Quatre ans après le début de la pandémie du Covid-19, de nombreux employés se retrouvent encore connectés depuis leur domicile, au moins de temps en temps. Les réunions à distance avec les coéquipiers, autrefois considérées comme une tendance pandémique de courte durée, sont devenues un incontournable des calendriers de travail… et ces collaborateurs, géographiquement flexibles, font état d’une productivité[1] et d’une satisfaction[2] accrues.
Cela signifie-t-il que le besoin de se voir en personne n’est plus de mise ? L’impact de la distance s’est-il estompé ?
Il n’en est rien lorsqu’il s’agit d’apprendre au travers de la collaboration selon Hyejin Youn, professeur à la Kellogg School.
En analysant plus de 17 millions de publications scientifiques au cours des 45 dernières années, Youn et Frank van der Wouden[3] de l’Université de Hong Kong ont découvert que les chercheurs qui collaborent au sein d’un même lieu sont plus susceptibles d’acquérir de nouvelles connaissances auprès de leurs pairs que ceux qui œuvrent à distance.

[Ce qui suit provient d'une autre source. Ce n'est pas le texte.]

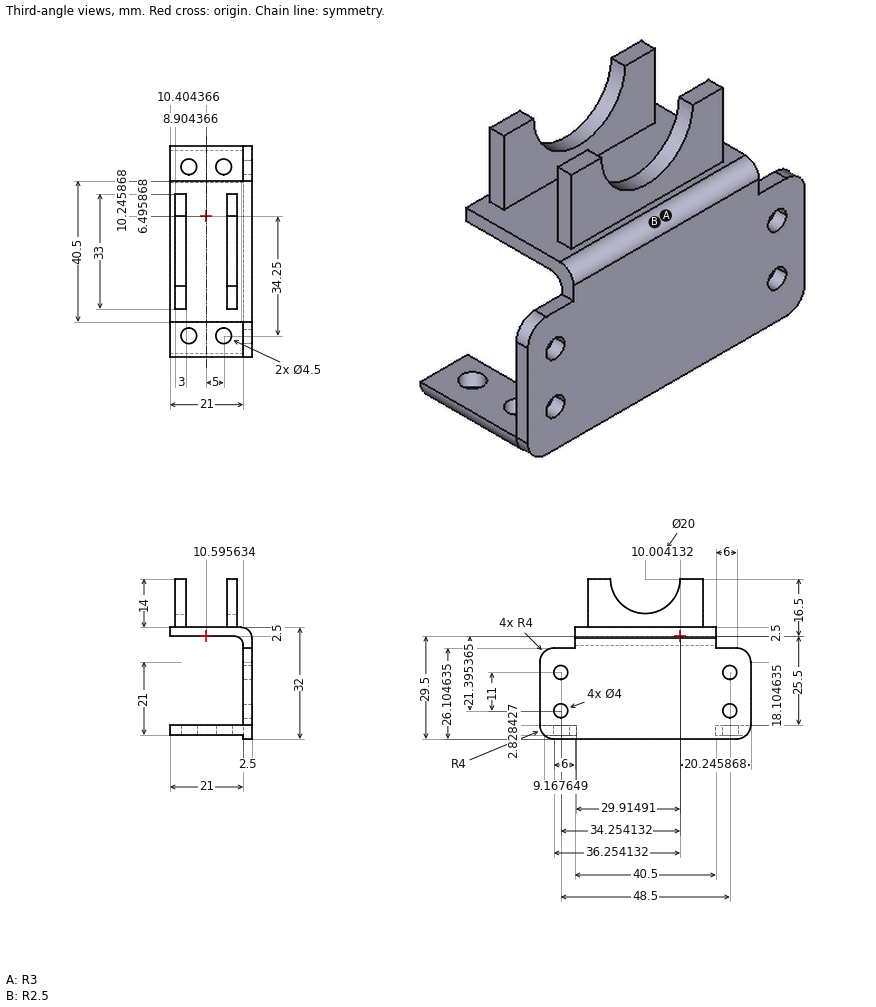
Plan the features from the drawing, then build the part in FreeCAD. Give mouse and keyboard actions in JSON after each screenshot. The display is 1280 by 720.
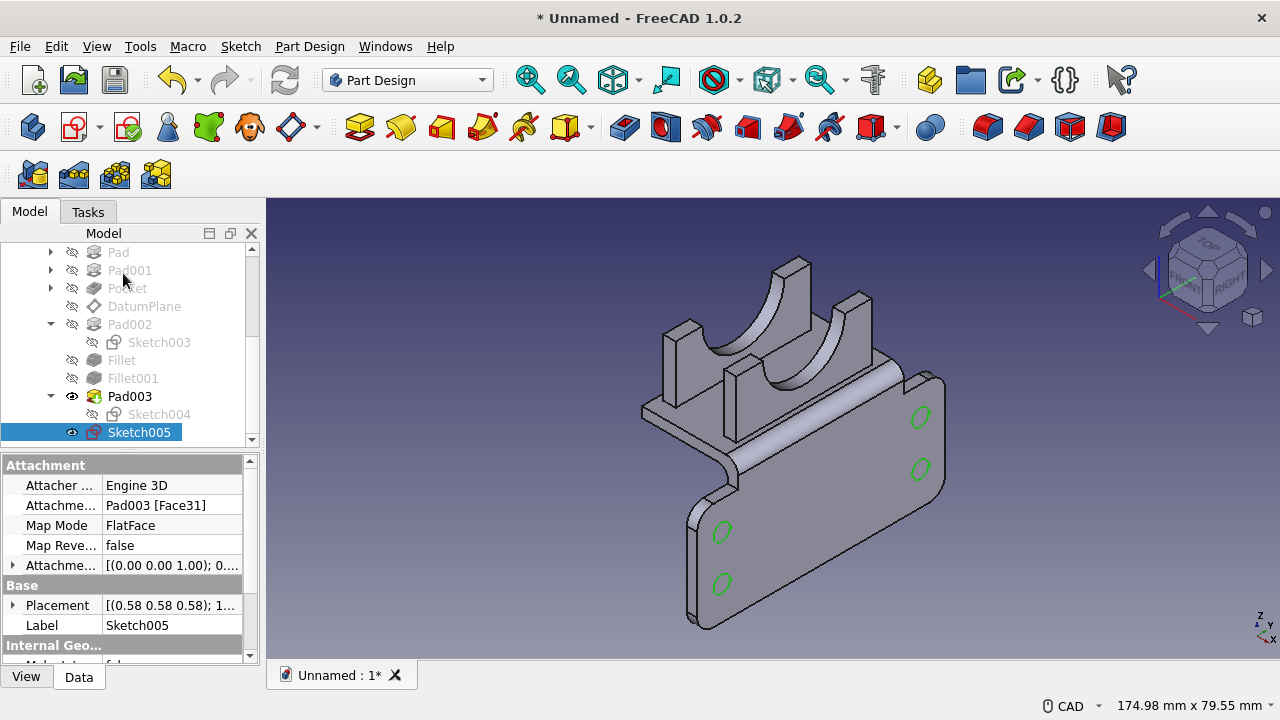
{"action": "left_click", "coordinate": [625, 128]}

En effet, être ensemble physiquement - lire le langage corporel, réfléchir à un problème sur un tableau blanc et faire équipe pour utiliser du matériel de laboratoire spécialisé - est particulièrement précieux lorsque les connaissances ne sont pas encore codifiées.

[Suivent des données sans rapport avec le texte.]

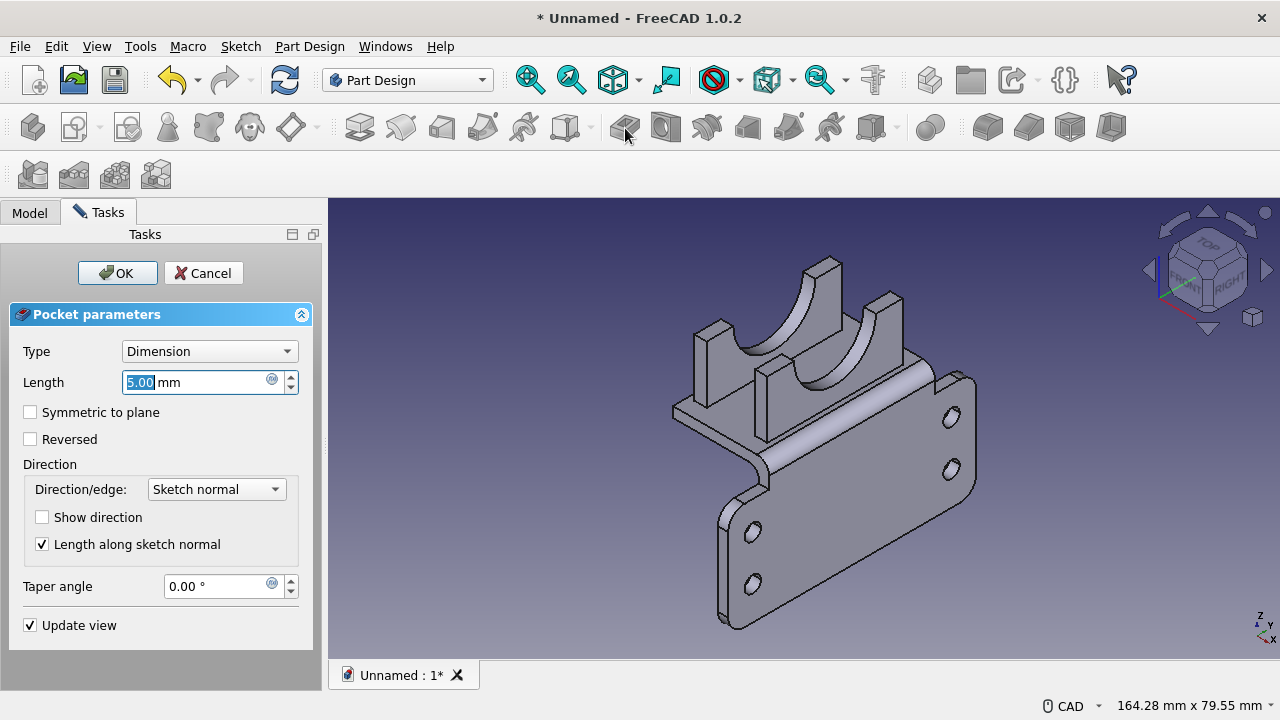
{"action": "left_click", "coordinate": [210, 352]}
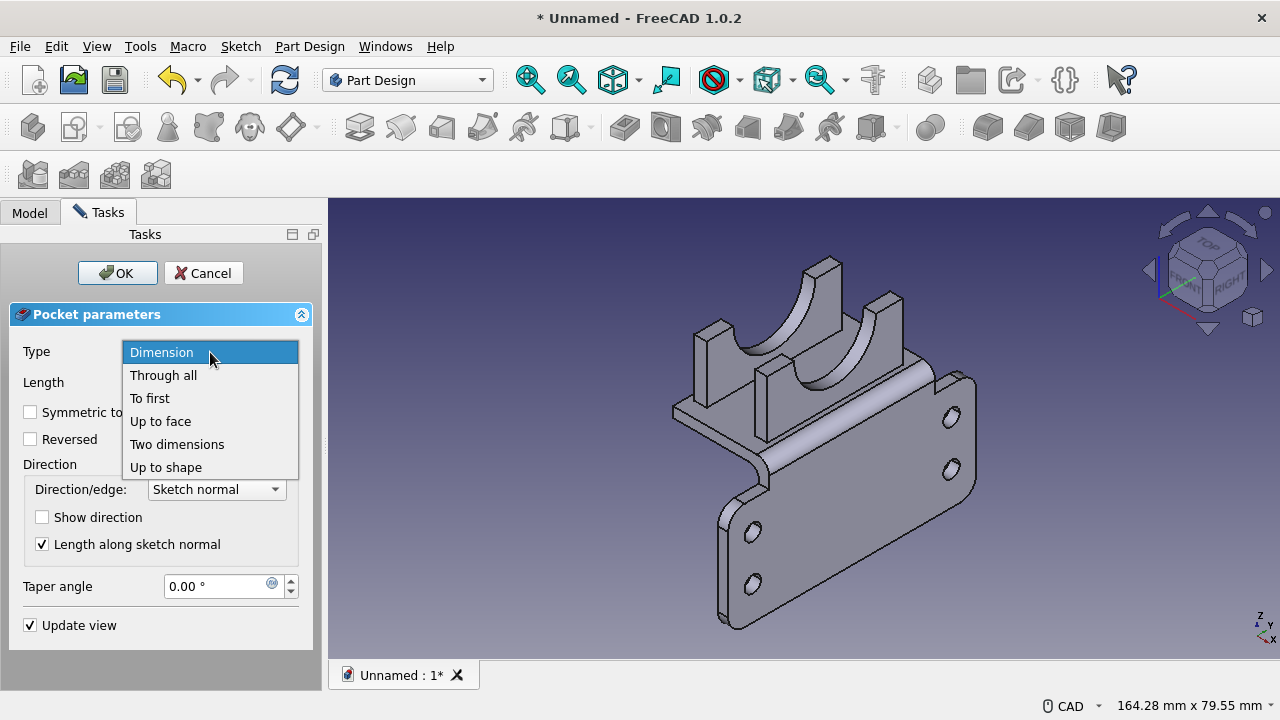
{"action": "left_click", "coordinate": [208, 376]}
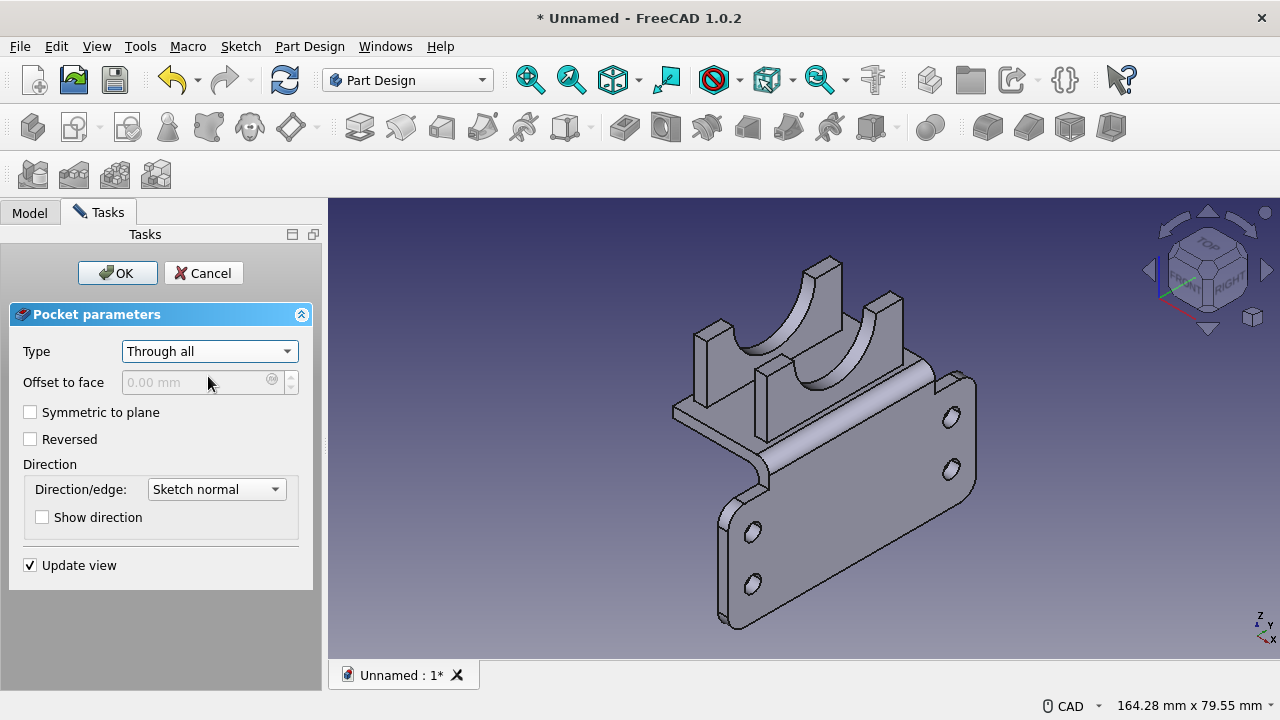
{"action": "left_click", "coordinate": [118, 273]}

"Nous apprenons les uns des autres en personne plus que nous ne le pensons. Cela fait partie de notre réussite en tant qu’êtres humains, surtout lorsqu’il s’agit de connaissances nouvelles et non encore définies. Il faut être là pour regarder et apprendre. Et la collaboration locale est le moyen d’y parvenir", explique Youn.
- Collaboration locale et nouvelles connaissances
Même avant la pandémie du Covid-19, la distance géographique entre les personnes et les organisations semblait de moins en moins pertinente. Le progrès des technologies de communication et des transports ont semblé aplatir la planète, raccourcir les distances et les professionnels du monde universitaire et de l’industrie ont découvert que la collaboration et le transfert de connaissances pouvaient avoir lieu avec succès même au-delà des frontières institutionnelles, voire nationales.

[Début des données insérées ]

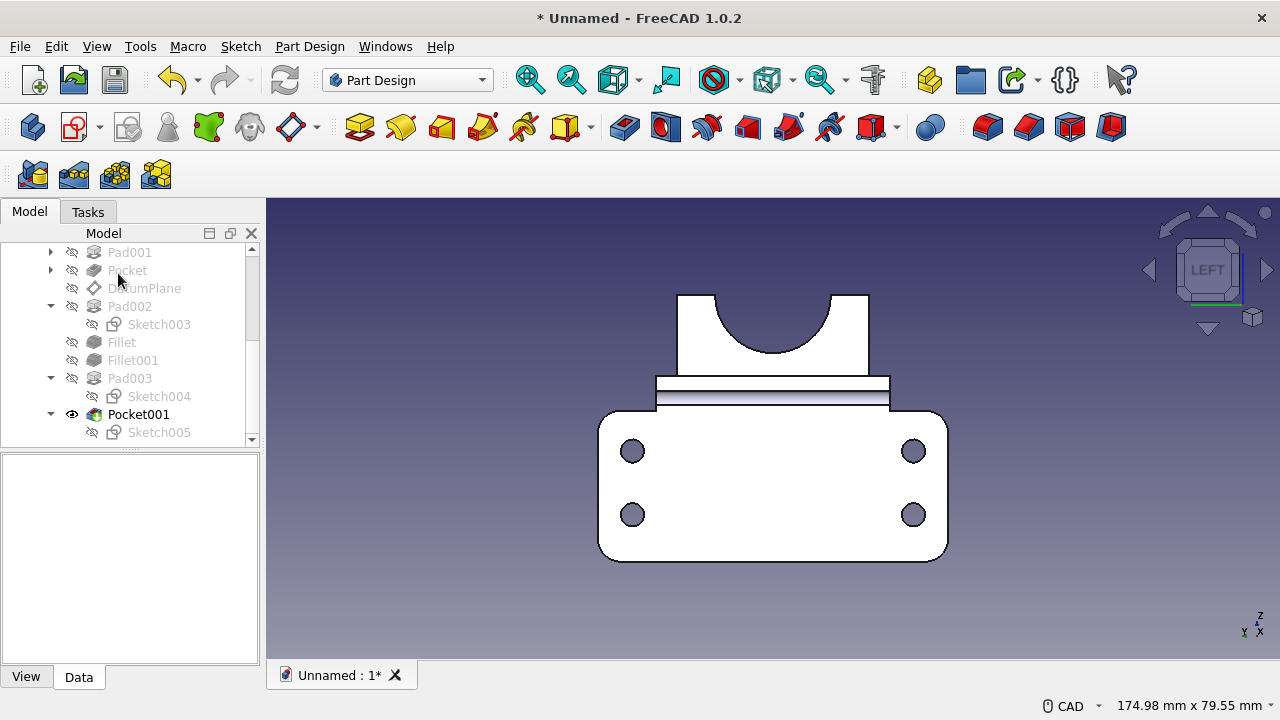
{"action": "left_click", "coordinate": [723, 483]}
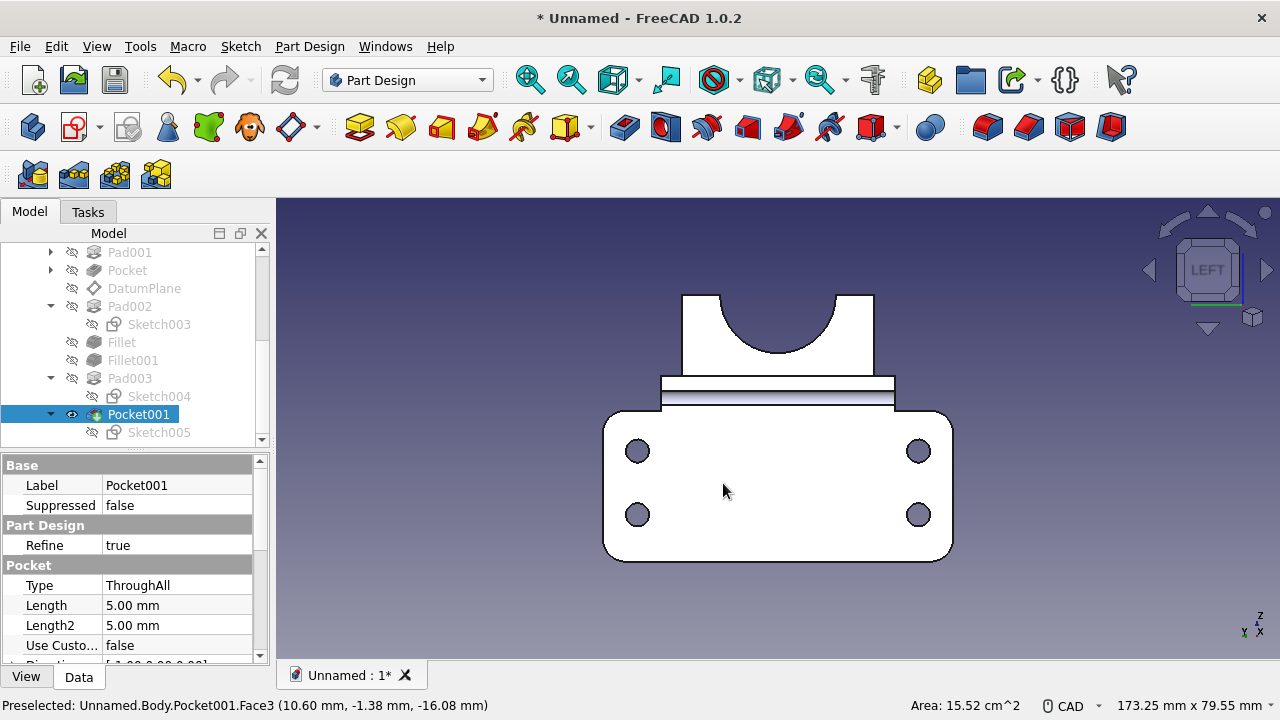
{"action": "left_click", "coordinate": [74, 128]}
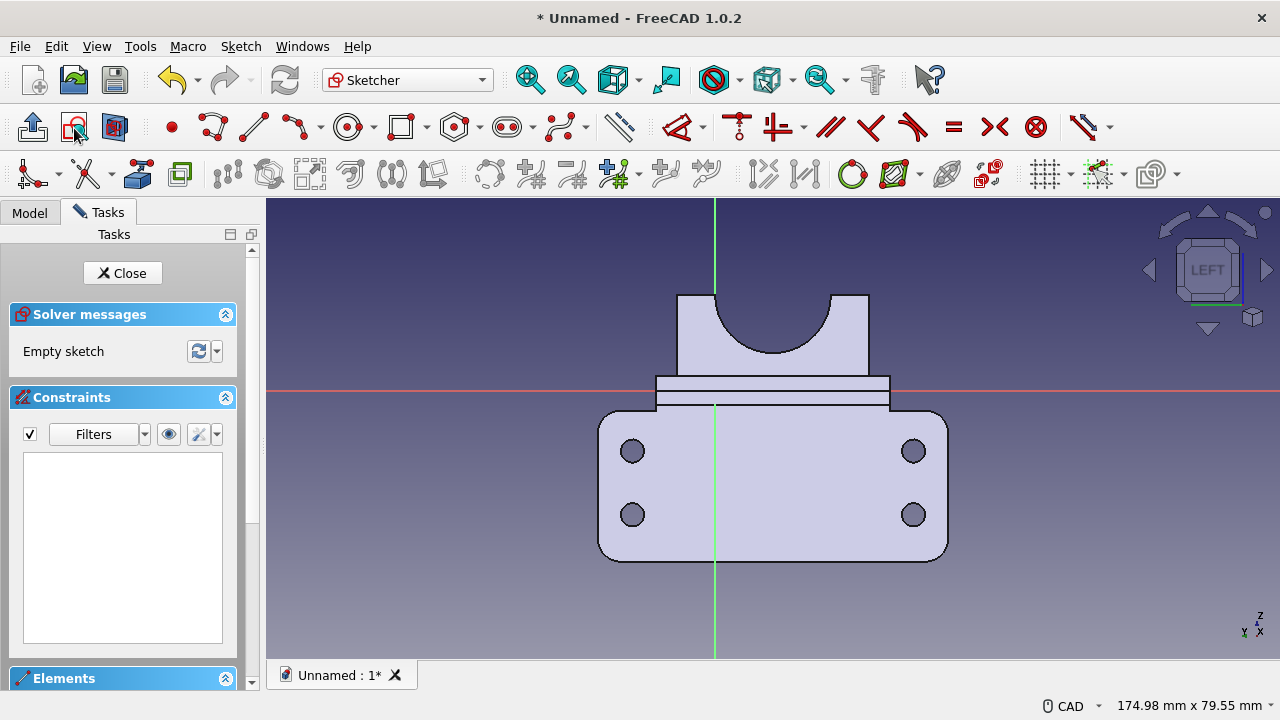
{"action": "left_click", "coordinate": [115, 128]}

Cependant, plusieurs chercheurs ne sont pas convaincus que la collaboration à distance est un parfait substitut au fait d’être ensemble dans un même endroit.
En effet, pourquoi la connaissance et l’innovation sont-elles encore largement concentrées dans les grands centres urbains ? Pourquoi les voyages d’affaires sont-ils toujours aussi populaires ? Ces tendances semblent suggérer que la création et le transfert de connaissances pourraient bénéficier d’une certaine forme de solidarité spatiale soit, en d’autres termes, que la production de connaissances dépend de la proximité physique.
Youn et van der Wouden ont analysé les données de Microsoft Academic Graph qui comprenaient des informations sur des millions de publications universitaires d’auteurs ayant publié leurs travaux entre 1975 et 2018 pour tenter de repérer les chercheurs ayant acquis de nouvelles connaissances grâce à leurs collaborations antérieures. Ils ont réalisé qu’un bon indicateur consistait à identifier celles et ceux qui ont débuté leur carrière dans une discipline académique donnée, puis ont collaboré avec des auteurs d’une autre discipline et ont finalement publié un article dans ce nouveau domaine en tant qu’auteur unique. Cela semblait être une preuve relativement simple que le chercheur avait effectivement appris de sa précédente collaboration. Bien que les articles académiques rédigés par un seul auteur soient au demeurant rares dans de nombreuses disciplines, l’équipe a tout de même trouvé 1,7 million d’auteurs répondant à ce critère.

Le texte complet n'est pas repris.